Available records:
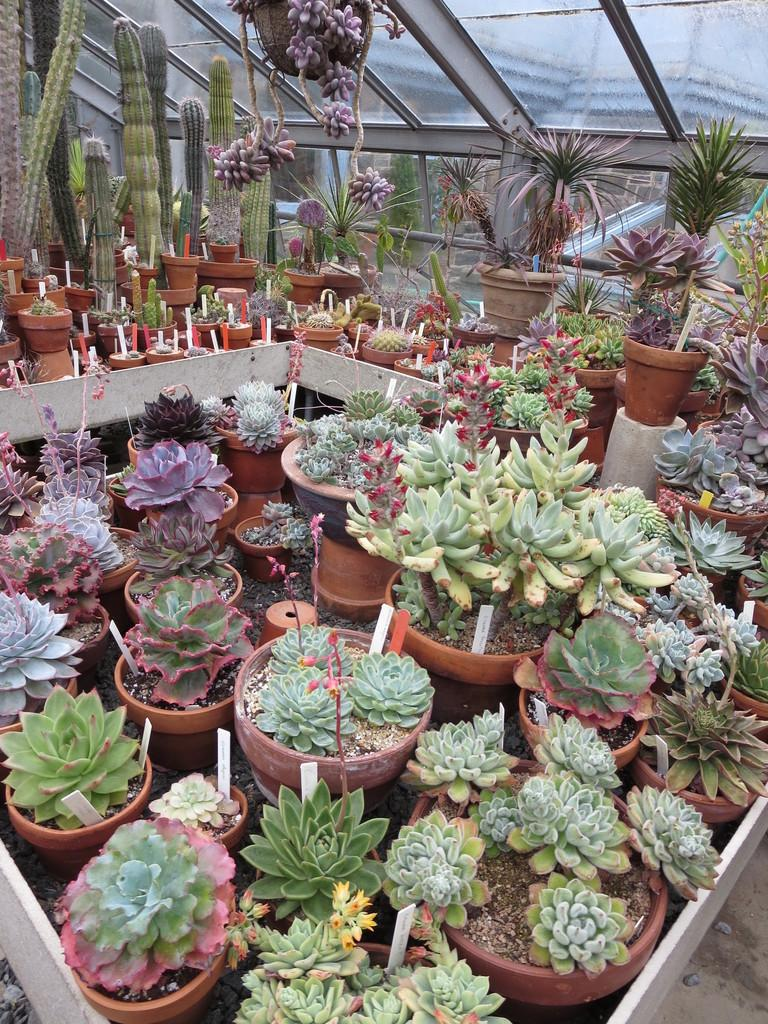What can be found in the flower pots in the image? There are flowers in the flower pots in the image. What type of plants are visible in the background of the image? There are green color cactus plants in the background of the image. What architectural feature is visible at the top of the image? There are glass windows visible at the top of the image. Is there a basketball game happening outside the glass windows in the image? There is no indication of a basketball game or any sports event in the image. 
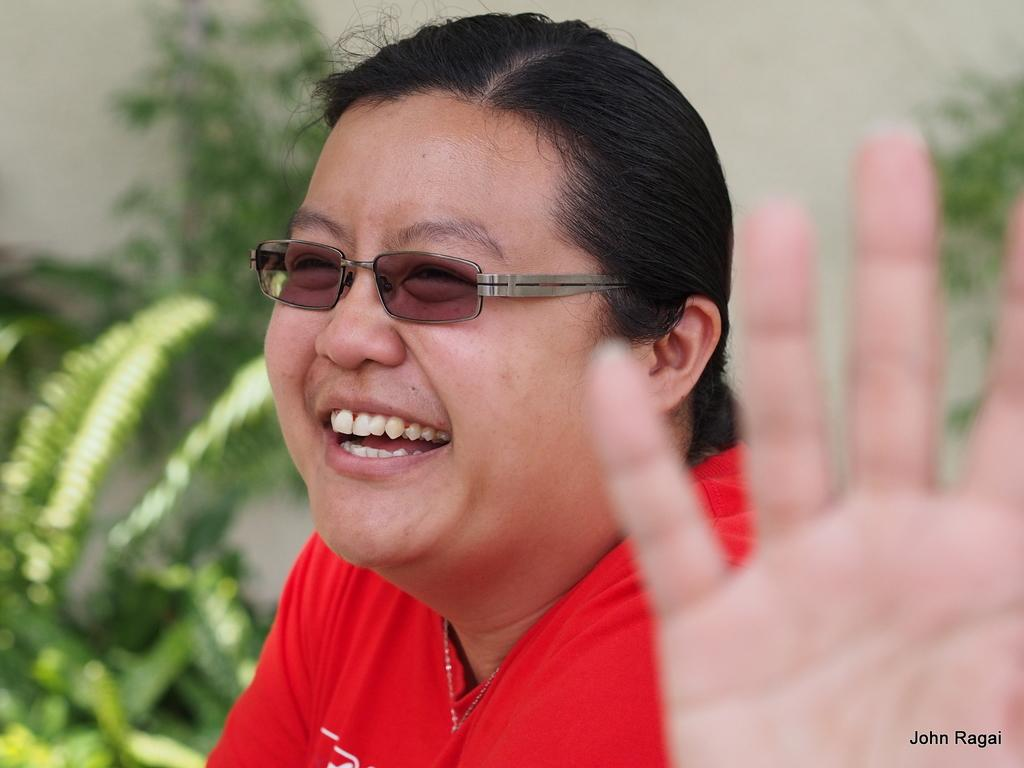Who is present in the image? There is a woman in the image. What is the woman's expression? The woman is smiling. What type of vegetation can be seen in the image? There are plants in the image. What is visible in the background of the image? There is a wall in the background of the image. What type of rifle is the woman holding in the image? There is no rifle present in the image; the woman is simply smiling. How many parcels can be seen in the image? There are no parcels present in the image; it features a woman and plants. 
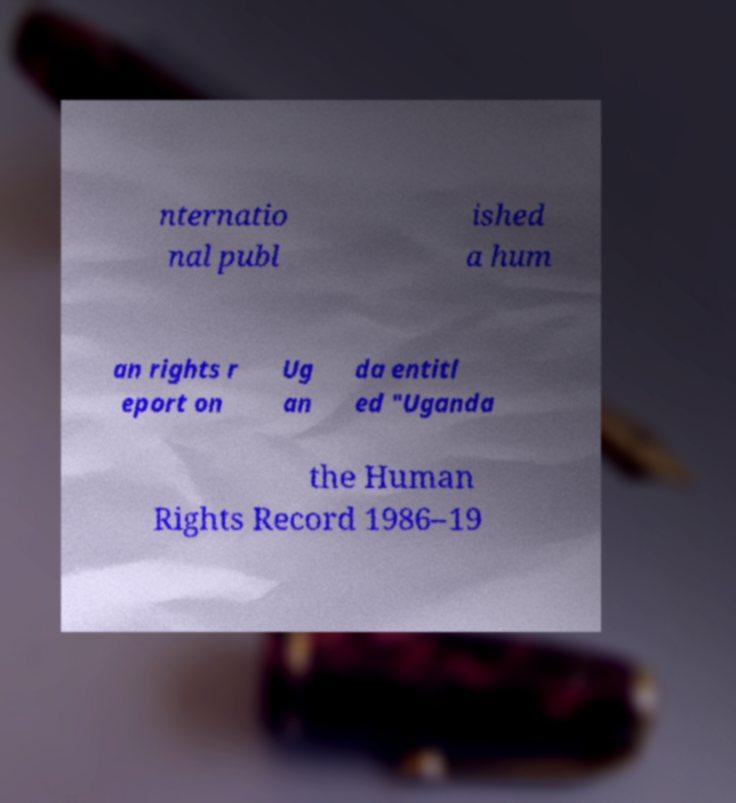Please read and relay the text visible in this image. What does it say? nternatio nal publ ished a hum an rights r eport on Ug an da entitl ed "Uganda the Human Rights Record 1986–19 
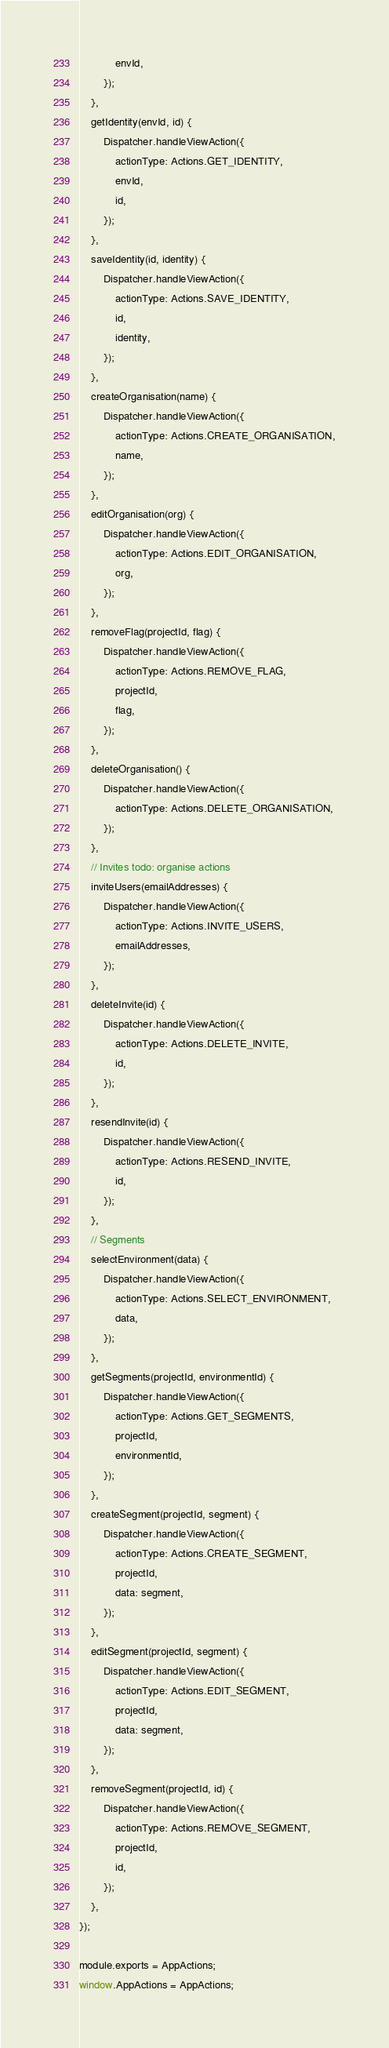<code> <loc_0><loc_0><loc_500><loc_500><_JavaScript_>            envId,
        });
    },
    getIdentity(envId, id) {
        Dispatcher.handleViewAction({
            actionType: Actions.GET_IDENTITY,
            envId,
            id,
        });
    },
    saveIdentity(id, identity) {
        Dispatcher.handleViewAction({
            actionType: Actions.SAVE_IDENTITY,
            id,
            identity,
        });
    },
    createOrganisation(name) {
        Dispatcher.handleViewAction({
            actionType: Actions.CREATE_ORGANISATION,
            name,
        });
    },
    editOrganisation(org) {
        Dispatcher.handleViewAction({
            actionType: Actions.EDIT_ORGANISATION,
            org,
        });
    },
    removeFlag(projectId, flag) {
        Dispatcher.handleViewAction({
            actionType: Actions.REMOVE_FLAG,
            projectId,
            flag,
        });
    },
    deleteOrganisation() {
        Dispatcher.handleViewAction({
            actionType: Actions.DELETE_ORGANISATION,
        });
    },
    // Invites todo: organise actions
    inviteUsers(emailAddresses) {
        Dispatcher.handleViewAction({
            actionType: Actions.INVITE_USERS,
            emailAddresses,
        });
    },
    deleteInvite(id) {
        Dispatcher.handleViewAction({
            actionType: Actions.DELETE_INVITE,
            id,
        });
    },
    resendInvite(id) {
        Dispatcher.handleViewAction({
            actionType: Actions.RESEND_INVITE,
            id,
        });
    },
    // Segments
    selectEnvironment(data) {
        Dispatcher.handleViewAction({
            actionType: Actions.SELECT_ENVIRONMENT,
            data,
        });
    },
    getSegments(projectId, environmentId) {
        Dispatcher.handleViewAction({
            actionType: Actions.GET_SEGMENTS,
            projectId,
            environmentId,
        });
    },
    createSegment(projectId, segment) {
        Dispatcher.handleViewAction({
            actionType: Actions.CREATE_SEGMENT,
            projectId,
            data: segment,
        });
    },
    editSegment(projectId, segment) {
        Dispatcher.handleViewAction({
            actionType: Actions.EDIT_SEGMENT,
            projectId,
            data: segment,
        });
    },
    removeSegment(projectId, id) {
        Dispatcher.handleViewAction({
            actionType: Actions.REMOVE_SEGMENT,
            projectId,
            id,
        });
    },
});

module.exports = AppActions;
window.AppActions = AppActions;
</code> 
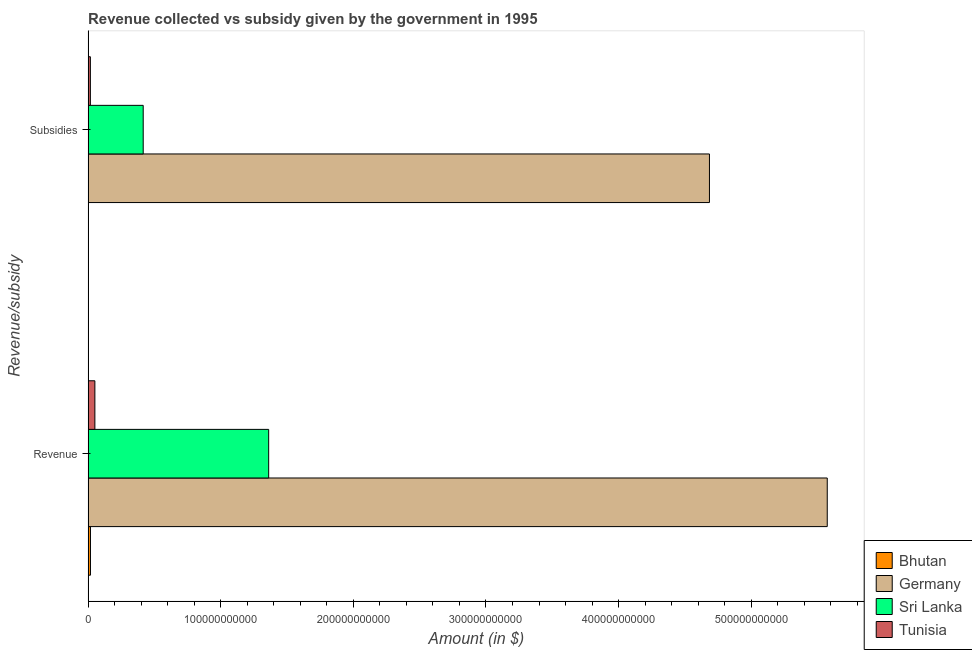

Exercise instructions:
Where pictures sit among the data above, omit them, and output the rest exactly.

Finished task:
What can be found in the flower pots in the image? There are flowers in the flower pots in the image. What type of plants are visible in the background of the image? There are green color cactus plants in the background of the image. What architectural feature is visible at the top of the image? There are glass windows visible at the top of the image. Is there a basketball game happening outside the glass windows in the image? There is no indication of a basketball game or any sports event in the image. 
Who is present in the image? There is a woman in the image. What is the woman's expression? The woman is smiling. What type of vegetation can be seen in the image? There are plants in the image. What is visible in the background of the image? There is a wall in the background of the image. What type of rifle is the woman holding in the image? There is no rifle present in the image; the woman is simply smiling. How many parcels can be seen in the image? There are no parcels present in the image; it features a woman and plants. 
Please read and relay the text visible in this image. What does it say? nternatio nal publ ished a hum an rights r eport on Ug an da entitl ed "Uganda the Human Rights Record 1986–19 
<code> <loc_0><loc_0><loc_500><loc_500><_JavaScript_>            envId,
        });
    },
    getIdentity(envId, id) {
        Dispatcher.handleViewAction({
            actionType: Actions.GET_IDENTITY,
            envId,
            id,
        });
    },
    saveIdentity(id, identity) {
        Dispatcher.handleViewAction({
            actionType: Actions.SAVE_IDENTITY,
            id,
            identity,
        });
    },
    createOrganisation(name) {
        Dispatcher.handleViewAction({
            actionType: Actions.CREATE_ORGANISATION,
            name,
        });
    },
    editOrganisation(org) {
        Dispatcher.handleViewAction({
            actionType: Actions.EDIT_ORGANISATION,
            org,
        });
    },
    removeFlag(projectId, flag) {
        Dispatcher.handleViewAction({
            actionType: Actions.REMOVE_FLAG,
            projectId,
            flag,
        });
    },
    deleteOrganisation() {
        Dispatcher.handleViewAction({
            actionType: Actions.DELETE_ORGANISATION,
        });
    },
    // Invites todo: organise actions
    inviteUsers(emailAddresses) {
        Dispatcher.handleViewAction({
            actionType: Actions.INVITE_USERS,
            emailAddresses,
        });
    },
    deleteInvite(id) {
        Dispatcher.handleViewAction({
            actionType: Actions.DELETE_INVITE,
            id,
        });
    },
    resendInvite(id) {
        Dispatcher.handleViewAction({
            actionType: Actions.RESEND_INVITE,
            id,
        });
    },
    // Segments
    selectEnvironment(data) {
        Dispatcher.handleViewAction({
            actionType: Actions.SELECT_ENVIRONMENT,
            data,
        });
    },
    getSegments(projectId, environmentId) {
        Dispatcher.handleViewAction({
            actionType: Actions.GET_SEGMENTS,
            projectId,
            environmentId,
        });
    },
    createSegment(projectId, segment) {
        Dispatcher.handleViewAction({
            actionType: Actions.CREATE_SEGMENT,
            projectId,
            data: segment,
        });
    },
    editSegment(projectId, segment) {
        Dispatcher.handleViewAction({
            actionType: Actions.EDIT_SEGMENT,
            projectId,
            data: segment,
        });
    },
    removeSegment(projectId, id) {
        Dispatcher.handleViewAction({
            actionType: Actions.REMOVE_SEGMENT,
            projectId,
            id,
        });
    },
});

module.exports = AppActions;
window.AppActions = AppActions;
</code> 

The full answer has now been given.